### [WHAT TO PRODUCE]
Your answer must be the exact lines from the one with "Format example (made" to the end of the data, both included, with no pictures.

### [DATA SHOWN]

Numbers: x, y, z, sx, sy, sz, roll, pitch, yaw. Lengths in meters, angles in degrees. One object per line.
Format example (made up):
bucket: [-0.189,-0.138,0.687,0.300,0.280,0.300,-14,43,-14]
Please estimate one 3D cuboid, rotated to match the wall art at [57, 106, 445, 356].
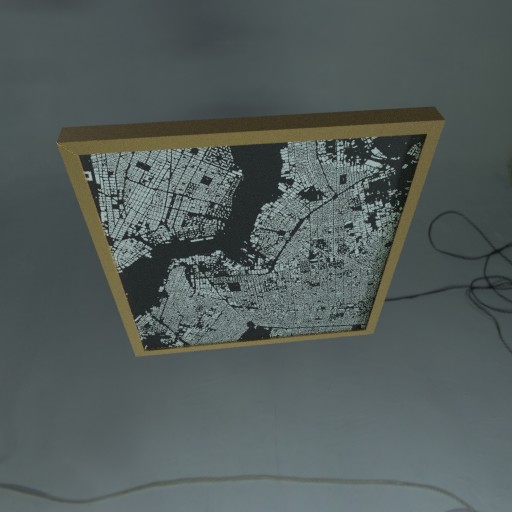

### [RESPONSE TO THIS EXERCISE]
Format example (made up):
bucket: [-0.189,-0.138,0.687,0.300,0.280,0.300,-14,43,-14]
Please estimate one 3D cuboid, rotated to match the wall art at [57, 106, 445, 356].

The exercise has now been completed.